_HOW TO COMPLETE THIS TASK_
Transcribe each record as written.

[Records drawn from a dataset]
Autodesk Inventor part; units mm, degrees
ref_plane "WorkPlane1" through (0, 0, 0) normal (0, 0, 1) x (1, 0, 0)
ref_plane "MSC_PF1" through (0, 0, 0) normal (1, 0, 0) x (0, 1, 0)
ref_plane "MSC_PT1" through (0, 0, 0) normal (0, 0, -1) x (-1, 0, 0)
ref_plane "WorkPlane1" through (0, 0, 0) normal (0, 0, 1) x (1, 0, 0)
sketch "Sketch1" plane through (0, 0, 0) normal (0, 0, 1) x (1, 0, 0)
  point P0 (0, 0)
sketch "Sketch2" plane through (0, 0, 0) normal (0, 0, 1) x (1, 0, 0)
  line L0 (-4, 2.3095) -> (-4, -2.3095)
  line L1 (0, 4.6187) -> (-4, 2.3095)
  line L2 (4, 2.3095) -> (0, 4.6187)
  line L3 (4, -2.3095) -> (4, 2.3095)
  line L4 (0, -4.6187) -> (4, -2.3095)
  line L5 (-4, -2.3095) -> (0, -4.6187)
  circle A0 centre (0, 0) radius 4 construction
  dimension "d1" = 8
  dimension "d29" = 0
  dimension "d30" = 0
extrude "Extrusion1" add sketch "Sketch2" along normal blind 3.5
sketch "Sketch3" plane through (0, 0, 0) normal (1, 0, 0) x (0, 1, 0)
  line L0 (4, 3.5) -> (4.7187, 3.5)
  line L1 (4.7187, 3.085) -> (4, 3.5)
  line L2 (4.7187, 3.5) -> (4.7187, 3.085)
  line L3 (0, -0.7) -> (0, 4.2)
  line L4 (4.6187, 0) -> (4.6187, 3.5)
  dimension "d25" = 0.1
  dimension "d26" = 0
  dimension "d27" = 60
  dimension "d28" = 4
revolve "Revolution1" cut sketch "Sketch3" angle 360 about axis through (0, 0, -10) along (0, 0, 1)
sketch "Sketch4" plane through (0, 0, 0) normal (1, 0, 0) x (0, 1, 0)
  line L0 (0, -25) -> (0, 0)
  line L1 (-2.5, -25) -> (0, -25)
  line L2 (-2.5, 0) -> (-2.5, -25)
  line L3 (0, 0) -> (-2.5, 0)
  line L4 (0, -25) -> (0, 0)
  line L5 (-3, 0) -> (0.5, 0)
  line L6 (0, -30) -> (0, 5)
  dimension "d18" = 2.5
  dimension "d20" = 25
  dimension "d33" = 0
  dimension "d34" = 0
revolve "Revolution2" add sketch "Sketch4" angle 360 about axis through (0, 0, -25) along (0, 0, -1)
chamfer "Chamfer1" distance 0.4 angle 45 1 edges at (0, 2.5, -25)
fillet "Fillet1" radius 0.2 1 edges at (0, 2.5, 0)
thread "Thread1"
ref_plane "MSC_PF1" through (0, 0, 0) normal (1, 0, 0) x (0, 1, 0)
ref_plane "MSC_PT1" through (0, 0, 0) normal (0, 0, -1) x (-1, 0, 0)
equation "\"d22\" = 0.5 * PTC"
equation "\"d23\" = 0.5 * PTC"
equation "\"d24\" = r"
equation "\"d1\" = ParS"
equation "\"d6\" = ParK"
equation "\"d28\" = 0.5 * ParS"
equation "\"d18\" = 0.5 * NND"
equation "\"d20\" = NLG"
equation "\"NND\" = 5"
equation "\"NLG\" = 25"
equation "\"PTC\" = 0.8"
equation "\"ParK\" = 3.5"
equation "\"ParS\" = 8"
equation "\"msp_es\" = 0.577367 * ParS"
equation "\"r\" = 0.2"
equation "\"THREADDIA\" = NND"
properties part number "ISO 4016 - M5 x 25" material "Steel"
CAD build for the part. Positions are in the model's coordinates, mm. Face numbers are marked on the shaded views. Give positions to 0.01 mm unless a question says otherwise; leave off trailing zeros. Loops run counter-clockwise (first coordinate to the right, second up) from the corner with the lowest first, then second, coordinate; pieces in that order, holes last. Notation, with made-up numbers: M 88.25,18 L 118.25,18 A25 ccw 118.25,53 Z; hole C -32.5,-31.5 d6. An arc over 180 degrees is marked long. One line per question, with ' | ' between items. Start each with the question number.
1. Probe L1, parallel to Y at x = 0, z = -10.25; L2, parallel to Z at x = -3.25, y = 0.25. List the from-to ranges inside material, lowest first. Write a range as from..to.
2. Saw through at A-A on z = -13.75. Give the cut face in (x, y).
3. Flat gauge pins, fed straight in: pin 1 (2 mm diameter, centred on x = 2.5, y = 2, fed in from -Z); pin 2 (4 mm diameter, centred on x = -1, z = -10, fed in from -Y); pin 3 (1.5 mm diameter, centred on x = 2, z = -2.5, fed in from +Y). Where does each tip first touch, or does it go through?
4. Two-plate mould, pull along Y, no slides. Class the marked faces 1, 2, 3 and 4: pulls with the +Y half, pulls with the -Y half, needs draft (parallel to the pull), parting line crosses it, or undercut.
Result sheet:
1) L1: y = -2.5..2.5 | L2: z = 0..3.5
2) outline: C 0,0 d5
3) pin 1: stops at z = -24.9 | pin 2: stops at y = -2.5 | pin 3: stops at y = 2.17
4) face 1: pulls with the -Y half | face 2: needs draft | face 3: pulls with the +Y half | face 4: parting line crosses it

_EXERCISE RESULT_
Autodesk Inventor part; units mm, degrees
ref_plane "WorkPlane1" through (0, 0, 0) normal (0, 0, 1) x (1, 0, 0)
ref_plane "MSC_PF1" through (0, 0, 0) normal (1, 0, 0) x (0, 1, 0)
ref_plane "MSC_PT1" through (0, 0, 0) normal (0, 0, -1) x (-1, 0, 0)
ref_plane "WorkPlane1" through (0, 0, 0) normal (0, 0, 1) x (1, 0, 0)
sketch "Sketch1" plane through (0, 0, 0) normal (0, 0, 1) x (1, 0, 0)
  point P0 (0, 0)
sketch "Sketch2" plane through (0, 0, 0) normal (0, 0, 1) x (1, 0, 0)
  line L0 (-4, 2.3095) -> (-4, -2.3095)
  line L1 (0, 4.6187) -> (-4, 2.3095)
  line L2 (4, 2.3095) -> (0, 4.6187)
  line L3 (4, -2.3095) -> (4, 2.3095)
  line L4 (0, -4.6187) -> (4, -2.3095)
  line L5 (-4, -2.3095) -> (0, -4.6187)
  circle A0 centre (0, 0) radius 4 construction
  dimension "d1" = 8
  dimension "d29" = 0
  dimension "d30" = 0
extrude "Extrusion1" add sketch "Sketch2" along normal blind 3.5
sketch "Sketch3" plane through (0, 0, 0) normal (1, 0, 0) x (0, 1, 0)
  line L0 (4, 3.5) -> (4.7187, 3.5)
  line L1 (4.7187, 3.085) -> (4, 3.5)
  line L2 (4.7187, 3.5) -> (4.7187, 3.085)
  line L3 (0, -0.7) -> (0, 4.2)
  line L4 (4.6187, 0) -> (4.6187, 3.5)
  dimension "d25" = 0.1
  dimension "d26" = 0
  dimension "d27" = 60
  dimension "d28" = 4
revolve "Revolution1" cut sketch "Sketch3" angle 360 about axis through (0, 0, -10) along (0, 0, 1)
sketch "Sketch4" plane through (0, 0, 0) normal (1, 0, 0) x (0, 1, 0)
  line L0 (0, -25) -> (0, 0)
  line L1 (-2.5, -25) -> (0, -25)
  line L2 (-2.5, 0) -> (-2.5, -25)
  line L3 (0, 0) -> (-2.5, 0)
  line L4 (0, -25) -> (0, 0)
  line L5 (-3, 0) -> (0.5, 0)
  line L6 (0, -30) -> (0, 5)
  dimension "d18" = 2.5
  dimension "d20" = 25
  dimension "d33" = 0
  dimension "d34" = 0
revolve "Revolution2" add sketch "Sketch4" angle 360 about axis through (0, 0, -25) along (0, 0, -1)
chamfer "Chamfer1" distance 0.4 angle 45 1 edges at (0, 2.5, -25)
fillet "Fillet1" radius 0.2 1 edges at (0, 2.5, 0)
thread "Thread1"
ref_plane "MSC_PF1" through (0, 0, 0) normal (1, 0, 0) x (0, 1, 0)
ref_plane "MSC_PT1" through (0, 0, 0) normal (0, 0, -1) x (-1, 0, 0)
equation "\"d22\" = 0.5 * PTC"
equation "\"d23\" = 0.5 * PTC"
equation "\"d24\" = r"
equation "\"d1\" = ParS"
equation "\"d6\" = ParK"
equation "\"d28\" = 0.5 * ParS"
equation "\"d18\" = 0.5 * NND"
equation "\"d20\" = NLG"
equation "\"NND\" = 5"
equation "\"NLG\" = 25"
equation "\"PTC\" = 0.8"
equation "\"ParK\" = 3.5"
equation "\"ParS\" = 8"
equation "\"msp_es\" = 0.577367 * ParS"
equation "\"r\" = 0.2"
equation "\"THREADDIA\" = NND"
properties part number "ISO 4016 - M5 x 25" material "Steel"
CAD build for the part. Positions are in the model's coordinates, mm. Face numbers are marked on the shaded views. Give positions to 0.01 mm unless a question says otherwise; leave off trailing zeros. Loops run counter-clockwise (first coordinate to the right, second up) from the corner with the lowest first, then second, coordinate; pieces in that order, holes last. Notation, with made-up numbers: M 88.25,18 L 118.25,18 A25 ccw 118.25,53 Z; hole C -32.5,-31.5 d6. An arc over 180 degrees is marked long. One line per question, with ' | ' between items. Start each with the question number.
1. Probe L1, parallel to Y at x = 0, z = -10.25; L2, parallel to Z at x = -3.25, y = 0.25. List the from-to ranges inside material, lowest first. Write a range as from..to.
2. Saw through at A-A on z = -13.75. Give the cut face in (x, y).
3. Flat gauge pins, fed straight in: pin 1 (2 mm diameter, centred on x = 2.5, y = 2, fed in from -Z); pin 2 (4 mm diameter, centred on x = -1, z = -10, fed in from -Y); pin 3 (1.5 mm diameter, centred on x = 2, z = -2.5, fed in from +Y). Where does each tip first touch, or does it go through?
4. Two-plate mould, pull along Y, no slides. Class the marked faces 1, 2, 3 and 4: pulls with the +Y half, pulls with the -Y half, needs draft (parallel to the pull), parting line crosses it, or undercut.
Result sheet:
1) L1: y = -2.5..2.5 | L2: z = 0..3.5
2) outline: C 0,0 d5
3) pin 1: stops at z = -24.9 | pin 2: stops at y = -2.5 | pin 3: stops at y = 2.17
4) face 1: pulls with the -Y half | face 2: needs draft | face 3: pulls with the +Y half | face 4: parting line crosses it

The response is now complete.